§ Working data
▬▬▬▬▬▬▬▬▬▬
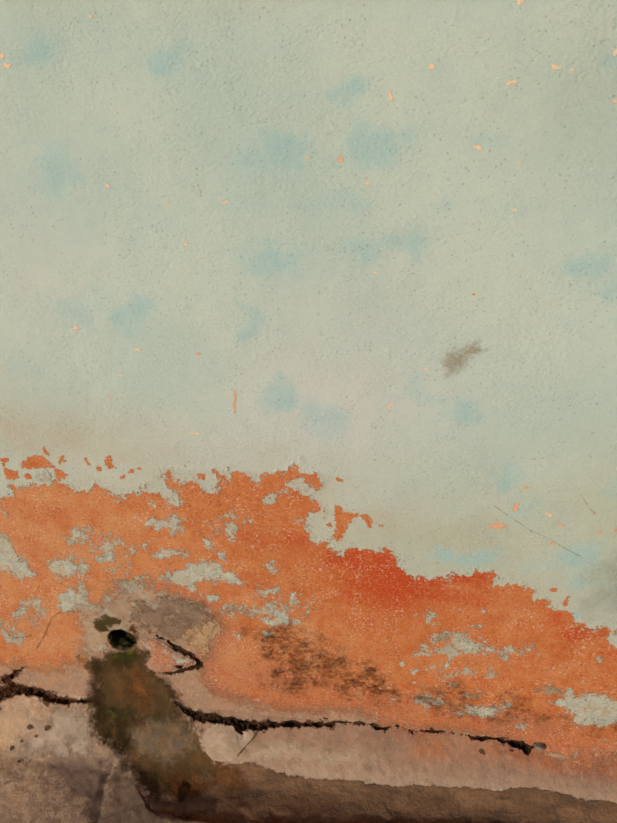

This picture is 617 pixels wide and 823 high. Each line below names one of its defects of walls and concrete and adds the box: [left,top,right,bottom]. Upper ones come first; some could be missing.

crack [15,611,79,649]
crack [149,632,204,675]
peeling [0,446,617,776]
leakage [262,625,384,693]
crack [0,667,92,710]
crack [172,700,534,757]
leakage [16,704,617,823]
crack [135,784,187,819]
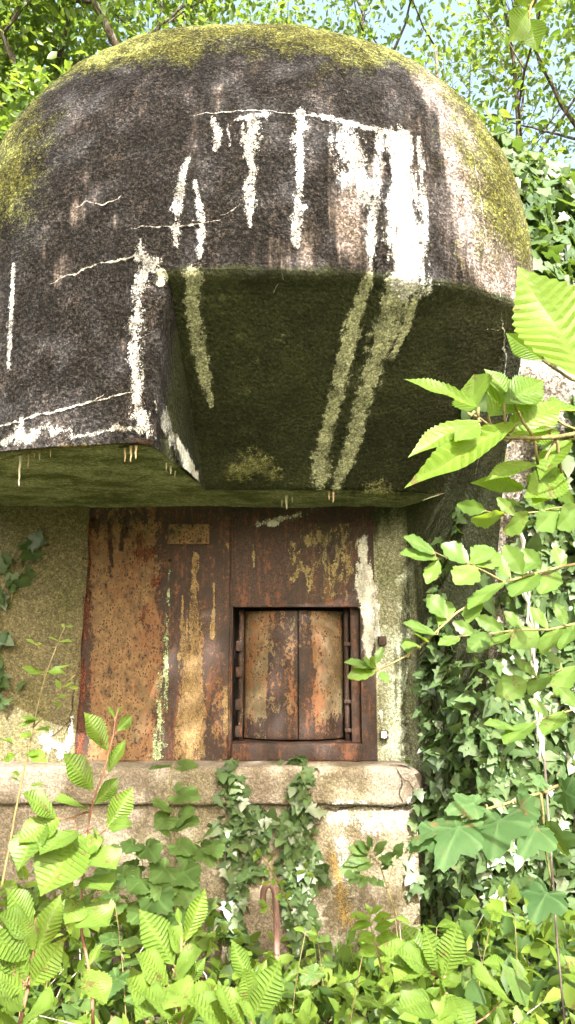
▬▬▬▬▬▬▬▬▬▬
§ Work request
Exact repetition of all the records is required, with the pictures excluded.

§ Task result
This picture is 617 pixels wide and 823 high. Each line below names one of its defects of walls and concrete and adds the box: [left,top,right,bottom]. Upper ones come first; some could be missing.

crack [15,611,79,649]
crack [149,632,204,675]
peeling [0,446,617,776]
leakage [262,625,384,693]
crack [0,667,92,710]
crack [172,700,534,757]
leakage [16,704,617,823]
crack [135,784,187,819]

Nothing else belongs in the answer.